Alors que la Belgique a remis le 8 juin un masque traditionnel à la République Démocratique du Congo, acheté pendant l’époque coloniale, des utilisateurs affirment que ce masque est un faux. À l’appui, ils publient une photo d’archives censée montrer le véritable masque. En réalité, il s’agit de deux masques différents, comme l’explique le conservateur du musée responsable du prêt.
La vérification en bref :
- Des utilisateurs affirment que le masque n’est qu’une copie. Pour preuve, ils partagent une photo d’archive en noir et blanc montrant un masque “Kakuungu”, qui ne ressemble pas à celui rendu par la Belgique le 8 juin.
- Ces deux photos montrent en réalité deux masques différents, comme l’explique le conservateur du musée Royal de l’Afrique Centrale, le propriétaire du masque traditionnel.
La vérification en détail :
Un “Kakuungu”, un masque congolais rare utilisé lors de rites initiatiques ou de cérémonies de guérison, a été prêté “pour une durée illimitée” par la Belgique à la République démocratique du Congo, lors d’une visite officielle de la famille royale belge le 8 juin dernier.
Depuis, une image en noir et blanc circule, présentée comme une photo de l’objet datant de 1939. Mais le masque de cette photo et celui donné par la Belgique sont différents. Celui qui est désormais visible à Kinshasa a de plus grosses joues, des cheveux plus épais, des yeux plus enfoncés, que celui apparaissant sur la photo d’archive. Pour certains, cela signifie que la Belgique n’a prêté qu’une mauvaise copie du masque Kakuungu et a voulu duper les Congolais.
La photo a été partagée sur Facebook comme ici et ici le 13 juin, et ici le 14 juin, ou sur Twitter, comme ici, le 13 juin. Une vidéo partageant l’intox a également été publiée sur YouTube le 16 juin.

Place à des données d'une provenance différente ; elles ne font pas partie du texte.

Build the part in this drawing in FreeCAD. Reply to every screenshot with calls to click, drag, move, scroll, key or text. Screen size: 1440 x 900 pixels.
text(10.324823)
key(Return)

Deux masques congolais “Kakuungu” différents
Contacté par notre rédaction, Julien Volper, conservateur en charge des collections ethnographiques au musée Royal de l’Afrique Centrale (MRAC) à Tervuren, en Belgique, l’établissement responsable du prêt, affirme que le masque Kakuungu prêté est authentique. La photo en noir et blanc en montre un différent, qui n’existe pas dans les collections européennes.

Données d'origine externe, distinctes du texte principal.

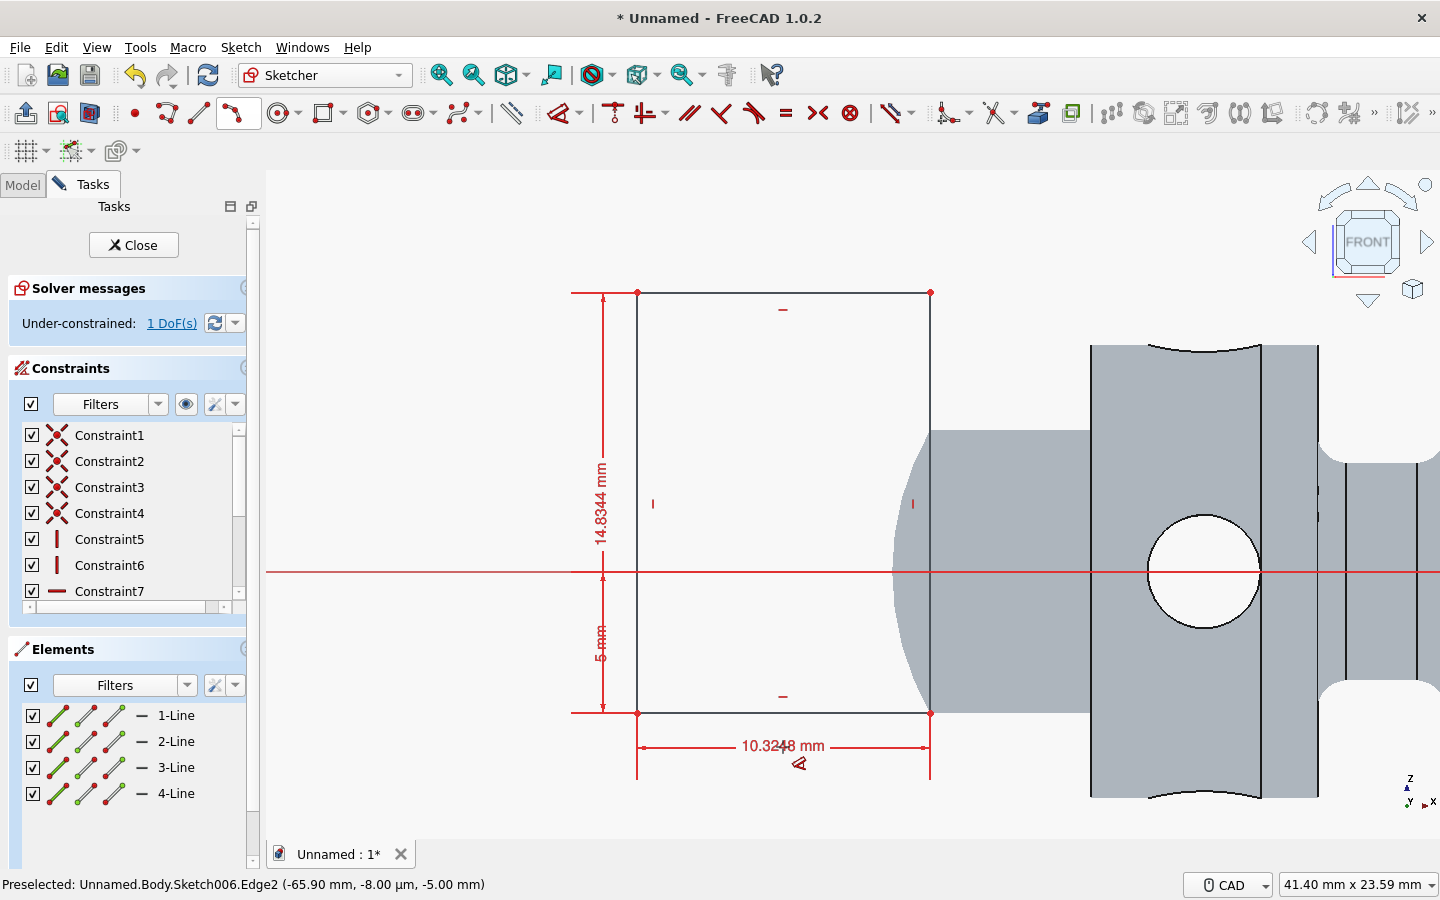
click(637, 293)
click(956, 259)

“Le masque envoyé en prêt relève des collections du MRAC et a comme numéro EO.1953.74.4158. Il avait été collecté par l’un de mes prédécesseurs, le docteur Albert Maesen, en 1954, dans le village de Pungu Luala [en RDC]. Le masque avait été sculpté par un dénommé Nkoy.
Le masque qui figure sur le cliché [en noir et blanc] est enregistré sous le numéro EP.0.0.14597 dans les collections d’archives photographiques du musée […]. Il n’a jamais fait partie des collections du MRAC…et je ne l’ai jamais vu dans une autre collection muséale ou privée. Il est fortement plausible qu’il n’ait jamais été collecté.
Si l’iconographie de ces masques kakuungu/kazeba (kazeba est considérée comme la “femme” de kakuungu) est relativement semblable d’un exemplaire à l’autre, les styles en revanche sont différents et expriment l’individualité créative des sculpteurs.
Dire que ce masque est un faux, sous prétexte qu’il ne ressemble pas à celui de la photo, revient à partir du postulat qu’il n’existe qu’un seul masque kakuungu (celui de la photo). Or, le corpus de kakuungu / kazeba comporte plusieurs dizaines d’exemplaires en collections publiques ou privées”.
Le musée a envoyé à notre rédaction une reproduction de la photo d’archive. Le nom du photographe et la date de la photographie sont inconnus.
En 2021, la Belgique avait annoncé son intention de rendre “aliénables” les biens hérités de son passé colonial, c’est-à-dire de les transférer dans le domaine privé, afin de les restituer à la RD Congo. En février 2022, les autorités belges ont donné l’inventaire de ce patrimoine à son ex-colonie, afin que le pays puisse procéder, à partir de ces données, à des demandes de restitution. Plusieurs dizaines de milliers d’objets seraient concernés.
La Belgique a contrôlé la République démocratique du Congo du XIXe siècle jusqu’à ce que le pays obtienne son indépendance en 1960. Environ 10 millions d’Africains sont morts sous le règne du roi Léopold II dans des violences coloniales et des maladies.